To reiterate this point, at the time of writing if there is just one container in the Task, generate a SOCI Index for this one container image. If there is one workload container and a logging sidecar container in the Task, generate a SOCI index for both the workload container image and the logging sidecar container image.
Identifying if the container image has been lazy loaded
Within an Amazon ECS Task there is a Task Metadata endpoint. The Task Metadata Endpoint contains useful information about the Amazon ECS Task, including the container specification, the usage metrics, and now which containerd snapshotter has been used to launch the containers.
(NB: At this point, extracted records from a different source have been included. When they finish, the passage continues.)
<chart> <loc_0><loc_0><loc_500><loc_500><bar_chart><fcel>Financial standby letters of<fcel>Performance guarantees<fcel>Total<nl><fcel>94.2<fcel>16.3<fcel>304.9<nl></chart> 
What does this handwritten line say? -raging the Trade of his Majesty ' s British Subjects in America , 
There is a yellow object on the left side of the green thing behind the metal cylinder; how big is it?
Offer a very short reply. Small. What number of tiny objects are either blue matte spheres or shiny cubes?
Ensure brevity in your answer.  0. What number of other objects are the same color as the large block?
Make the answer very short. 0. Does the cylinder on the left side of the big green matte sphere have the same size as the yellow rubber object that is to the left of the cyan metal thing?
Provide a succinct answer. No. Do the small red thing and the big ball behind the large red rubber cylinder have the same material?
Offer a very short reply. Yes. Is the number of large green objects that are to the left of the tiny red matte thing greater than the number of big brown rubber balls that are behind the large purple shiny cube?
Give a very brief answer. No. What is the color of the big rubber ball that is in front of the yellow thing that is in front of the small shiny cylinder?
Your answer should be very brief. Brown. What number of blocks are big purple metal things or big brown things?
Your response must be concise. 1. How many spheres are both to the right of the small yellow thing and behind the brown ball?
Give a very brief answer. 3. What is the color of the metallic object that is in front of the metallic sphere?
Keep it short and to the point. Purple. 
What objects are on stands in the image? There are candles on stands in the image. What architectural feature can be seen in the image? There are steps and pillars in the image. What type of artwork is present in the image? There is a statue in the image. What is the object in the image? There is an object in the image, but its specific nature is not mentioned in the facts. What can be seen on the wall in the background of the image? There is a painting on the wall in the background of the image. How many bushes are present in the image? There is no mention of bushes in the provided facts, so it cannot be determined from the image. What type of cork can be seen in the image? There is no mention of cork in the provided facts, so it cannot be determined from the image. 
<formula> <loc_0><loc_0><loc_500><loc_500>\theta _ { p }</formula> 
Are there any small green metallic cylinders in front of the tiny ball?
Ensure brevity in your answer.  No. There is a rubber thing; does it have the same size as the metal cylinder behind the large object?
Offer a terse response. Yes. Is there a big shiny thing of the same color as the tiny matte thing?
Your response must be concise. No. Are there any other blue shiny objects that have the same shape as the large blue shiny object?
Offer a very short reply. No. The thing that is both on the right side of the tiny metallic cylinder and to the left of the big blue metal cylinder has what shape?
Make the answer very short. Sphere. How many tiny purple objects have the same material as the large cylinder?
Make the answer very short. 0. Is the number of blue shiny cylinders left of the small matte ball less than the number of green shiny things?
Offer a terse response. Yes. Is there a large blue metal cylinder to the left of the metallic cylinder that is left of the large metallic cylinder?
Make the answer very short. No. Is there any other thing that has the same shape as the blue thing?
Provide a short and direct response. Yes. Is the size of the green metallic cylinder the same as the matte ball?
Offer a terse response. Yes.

The endpoint can be used within a running Task to determine if it has been lazy loaded or not.
$ curl -s $ECS_CONTAINER_METADATA_URI_V4 | jq -r '.Snapshotter' soci $ curl -s $ECS_CONTAINER_METADATA_URI_V4/task | jq -r '.Containers | ..Snapshotter' soci
To prevent customers from having to modify their applications to consume this endpoint, an example init container that queries this endpoint and puts the information into AWS CloudWatch Logs can be found in the SOCI snapshotter on AWS Fargate toolbox repository.
Container Image sizes
As a container image increases in size, so does the time taken to fully download the image (hence why bigger container images proportionally affect the AWS Fargate launch time). In our internal testing SOCI has the largest impact on reducing Task launch times when used with large (>250 MB) container images.
For small container images, SOCI will have less of an impact, and may even slow down the time taken to launch AWS Fargate Tasks. This is because there is an overhead to download SOCI artifacts and setting up a FUSE filesystem. In our testing we have found SOCI starts to have a noticeable impact when container images are greater than 250MB compressed. For container images <250MB, the initial lazy loading overhead may be greater than the time taken to pull the full container image using traditional methods.
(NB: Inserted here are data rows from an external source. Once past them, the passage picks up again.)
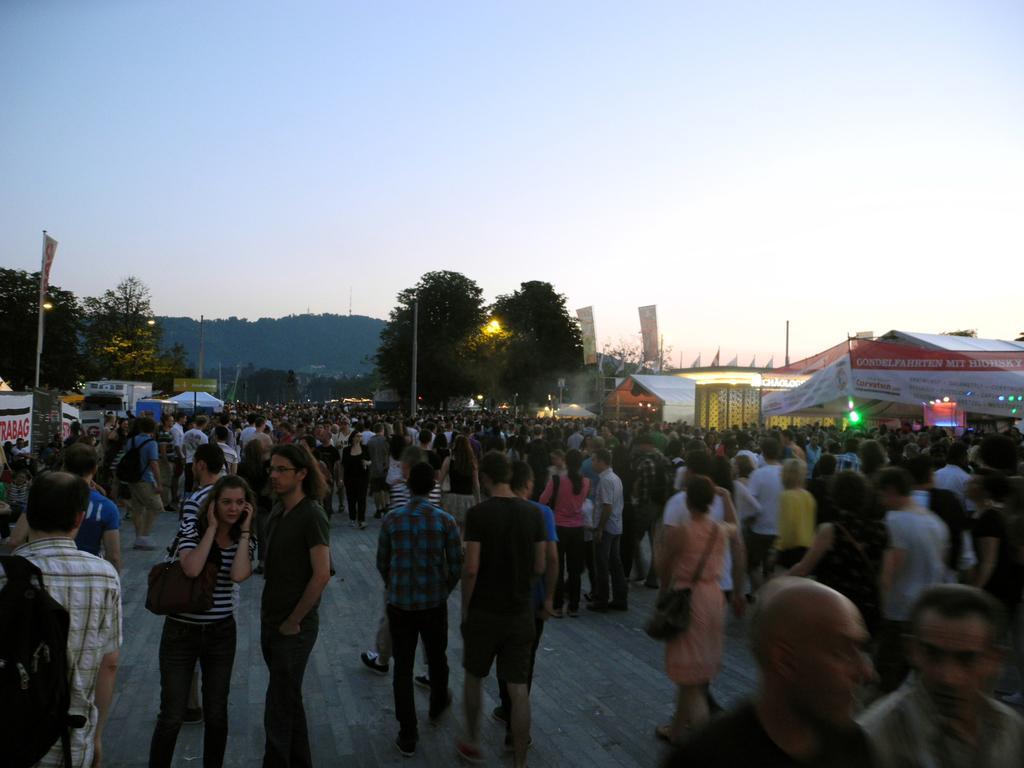Can you describe this image briefly? In this image there are a few people standing and walking on the road. On the right and left side of the image there are few stalls, banners and canopies. In the background there are trees, mountains and the sky. 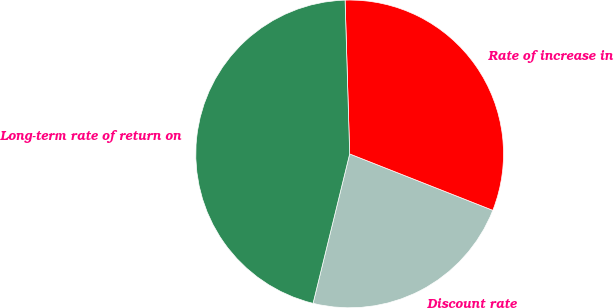Convert chart to OTSL. <chart><loc_0><loc_0><loc_500><loc_500><pie_chart><fcel>Discount rate<fcel>Rate of increase in<fcel>Long-term rate of return on<nl><fcel>22.85%<fcel>31.45%<fcel>45.7%<nl></chart> 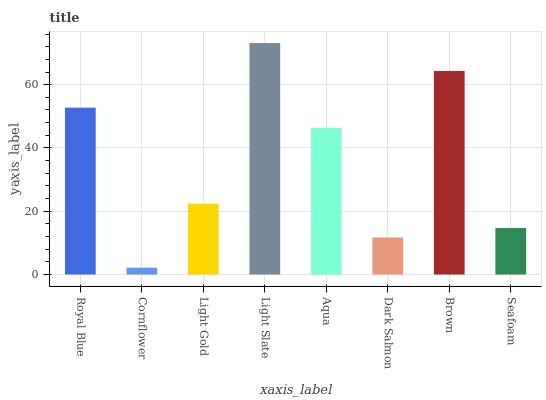Is Light Gold the minimum?
Answer yes or no. No. Is Light Gold the maximum?
Answer yes or no. No. Is Light Gold greater than Cornflower?
Answer yes or no. Yes. Is Cornflower less than Light Gold?
Answer yes or no. Yes. Is Cornflower greater than Light Gold?
Answer yes or no. No. Is Light Gold less than Cornflower?
Answer yes or no. No. Is Aqua the high median?
Answer yes or no. Yes. Is Light Gold the low median?
Answer yes or no. Yes. Is Cornflower the high median?
Answer yes or no. No. Is Brown the low median?
Answer yes or no. No. 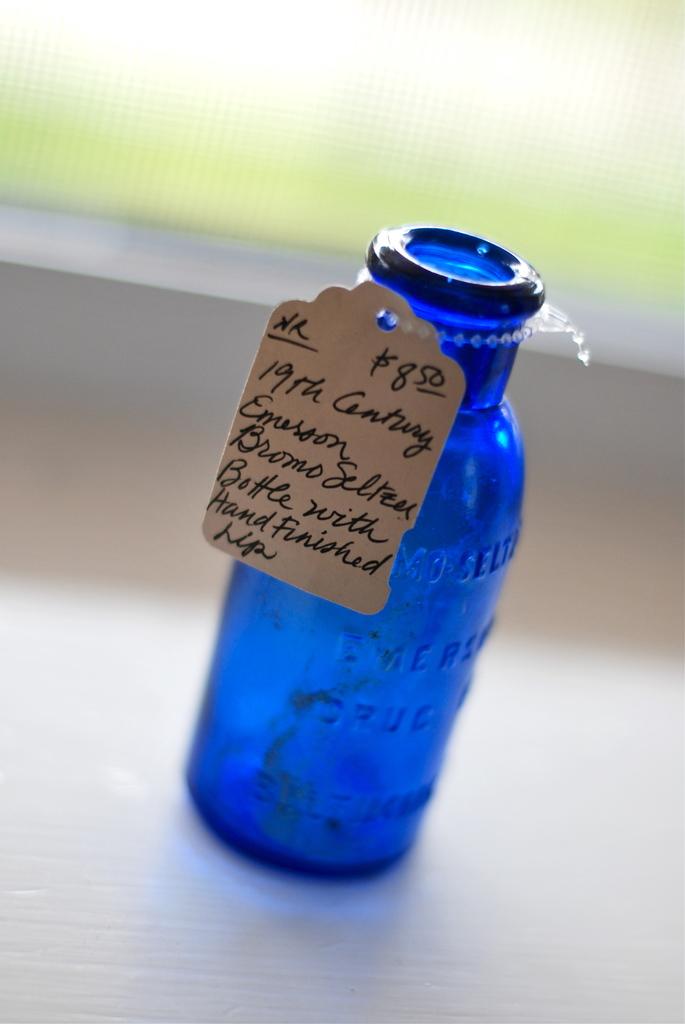How much does this cost?
Provide a succinct answer. 8.50. 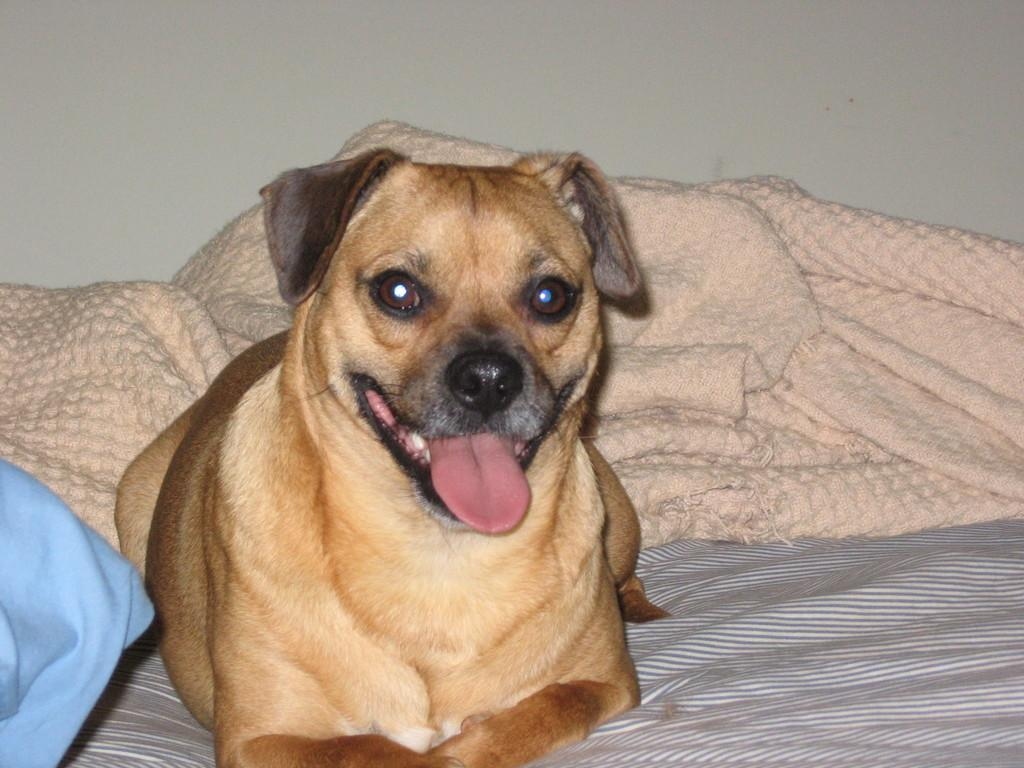What type of animal is in the image? There is a brown dog in the image. What is the dog doing in the image? The dog is resting on a bed. What can be seen in the background of the image? There is a cream-colored blanket and a wall visible in the background of the image. What type of yard game is the dog playing in the image? There is no yard game present in the image; the dog is resting on a bed. What type of writing instrument is the dog holding in the image? There is no writing instrument present in the image; the dog is simply resting on a bed. 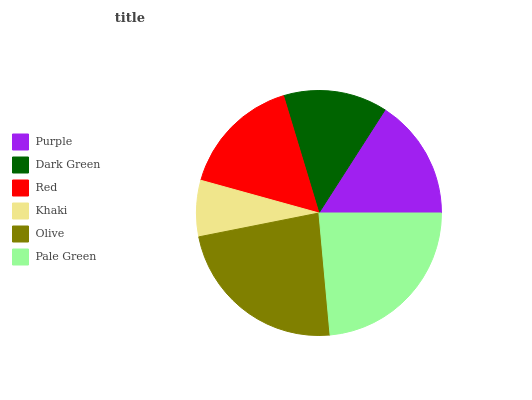Is Khaki the minimum?
Answer yes or no. Yes. Is Pale Green the maximum?
Answer yes or no. Yes. Is Dark Green the minimum?
Answer yes or no. No. Is Dark Green the maximum?
Answer yes or no. No. Is Purple greater than Dark Green?
Answer yes or no. Yes. Is Dark Green less than Purple?
Answer yes or no. Yes. Is Dark Green greater than Purple?
Answer yes or no. No. Is Purple less than Dark Green?
Answer yes or no. No. Is Red the high median?
Answer yes or no. Yes. Is Purple the low median?
Answer yes or no. Yes. Is Olive the high median?
Answer yes or no. No. Is Dark Green the low median?
Answer yes or no. No. 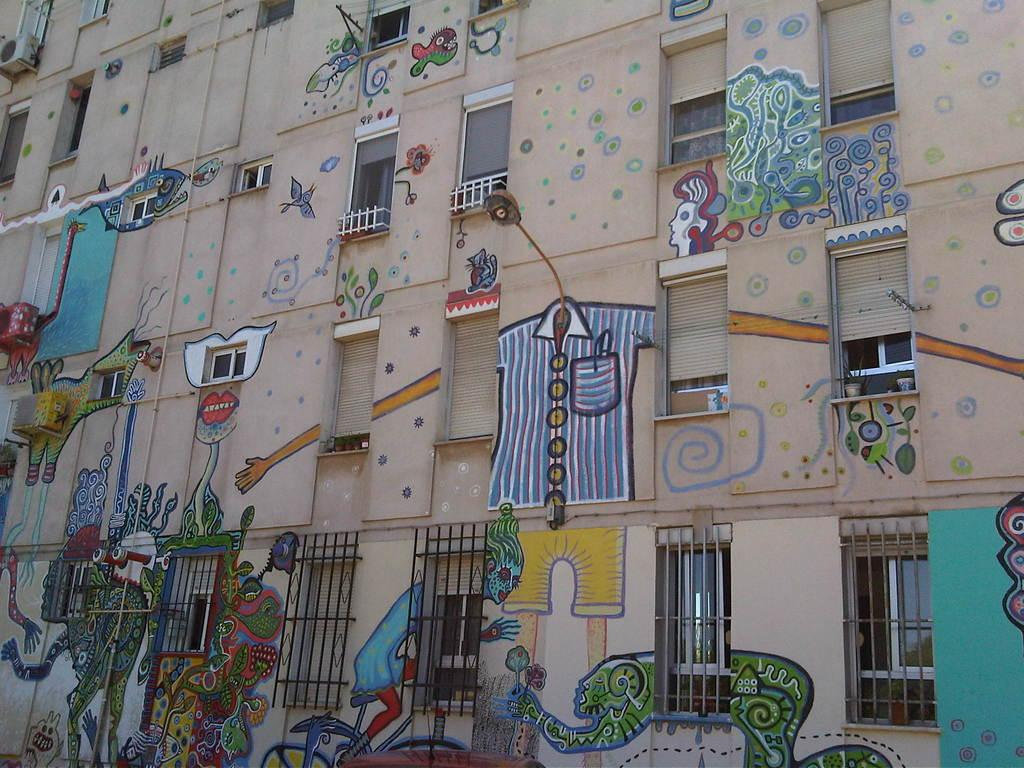What structure is present in the image? There is a building in the image. What artistic element is featured on the building? There is a painting on the building. What architectural feature is present on the building? There are windows on the building. What type of bells can be heard ringing in the image? There are no bells present in the image, and therefore no such sound can be heard. What is the building rolling on in the image? The building is stationary in the image and does not appear to be rolling on anything. How many screws can be seen holding the painting on the building? There is no information about screws in the image; the painting's attachment method is not mentioned.

Container Image layer sizes
When creating a SOCI Index with
soci create, there’s a parameter that controls the minimum size of a container image layer that the client will generate a zTOC for. By default, this is a 10MB layer, which is tuned with the
--min-layer-size flag. When creating a SOCI Index when the client detects a small layer, it skips the generation of a zTOC for that layer, and that layer won’t be lazy loaded at runtime. Internal testing has shown that it is more performant to simply download the entire small layer at launch time, rather than lazily loading it. In small container images, if all layers in the container image are under 10MB, then no SOCI Index is created.
It is worth remembering when creating SOCI Indexes for side car containers. All container image layers in a logging or monitoring container image may be under 10MB. Therefore, to create a SOCI Index for them this parameter may need to be tuned.
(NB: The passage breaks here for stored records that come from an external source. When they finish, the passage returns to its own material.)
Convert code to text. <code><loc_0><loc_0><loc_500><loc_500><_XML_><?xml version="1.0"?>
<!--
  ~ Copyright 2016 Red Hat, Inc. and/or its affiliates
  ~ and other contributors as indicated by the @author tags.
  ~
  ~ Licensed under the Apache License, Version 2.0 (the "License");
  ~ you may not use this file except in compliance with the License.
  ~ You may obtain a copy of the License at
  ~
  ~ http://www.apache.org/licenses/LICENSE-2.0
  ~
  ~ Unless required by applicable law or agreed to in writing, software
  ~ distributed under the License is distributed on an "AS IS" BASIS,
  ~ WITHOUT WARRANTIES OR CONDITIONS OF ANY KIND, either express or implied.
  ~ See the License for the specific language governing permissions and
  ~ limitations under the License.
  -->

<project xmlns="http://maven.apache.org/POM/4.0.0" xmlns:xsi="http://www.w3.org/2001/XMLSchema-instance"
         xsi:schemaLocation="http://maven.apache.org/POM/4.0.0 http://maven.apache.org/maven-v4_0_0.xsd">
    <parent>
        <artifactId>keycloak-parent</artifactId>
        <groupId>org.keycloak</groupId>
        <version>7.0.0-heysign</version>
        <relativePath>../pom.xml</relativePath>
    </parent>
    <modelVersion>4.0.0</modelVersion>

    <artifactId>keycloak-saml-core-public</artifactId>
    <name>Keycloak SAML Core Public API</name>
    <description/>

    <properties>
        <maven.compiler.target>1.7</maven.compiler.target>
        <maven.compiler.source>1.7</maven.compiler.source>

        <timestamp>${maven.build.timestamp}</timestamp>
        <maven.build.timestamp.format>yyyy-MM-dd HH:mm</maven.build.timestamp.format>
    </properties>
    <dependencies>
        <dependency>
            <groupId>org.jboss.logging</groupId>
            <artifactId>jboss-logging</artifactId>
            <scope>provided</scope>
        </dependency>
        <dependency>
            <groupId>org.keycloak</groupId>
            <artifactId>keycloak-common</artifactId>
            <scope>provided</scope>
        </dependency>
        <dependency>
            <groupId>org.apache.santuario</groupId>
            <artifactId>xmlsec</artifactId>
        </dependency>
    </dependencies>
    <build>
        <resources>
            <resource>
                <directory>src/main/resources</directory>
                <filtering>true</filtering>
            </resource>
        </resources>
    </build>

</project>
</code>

In this post we have gone under the hood into Seekable OCI and the SOCI snapshotter. We have dived into the SOCI Index, how it inventories the contents of a container image, and investigated ways it can be automated both in AWS and in existing CI/CD pipelines. Finally, we explored some of the caveats when using SOCI on AWS Fargate today.
The SOCI snapshotter builds on the foundational work in lazy loading container images first discussed in Google’s CRFS project and then later in the stargz snapshotter. With this week’s launch on AWS Fargate, customers can now lazily load container images in Amazon ECS Tasks on AWS Fargate. In the future, we’ll make it easier to run SOCI with other container orchestrators. We encourage you to get involved and follow the ongoing developments in the soci-snapshotter project on GitHub.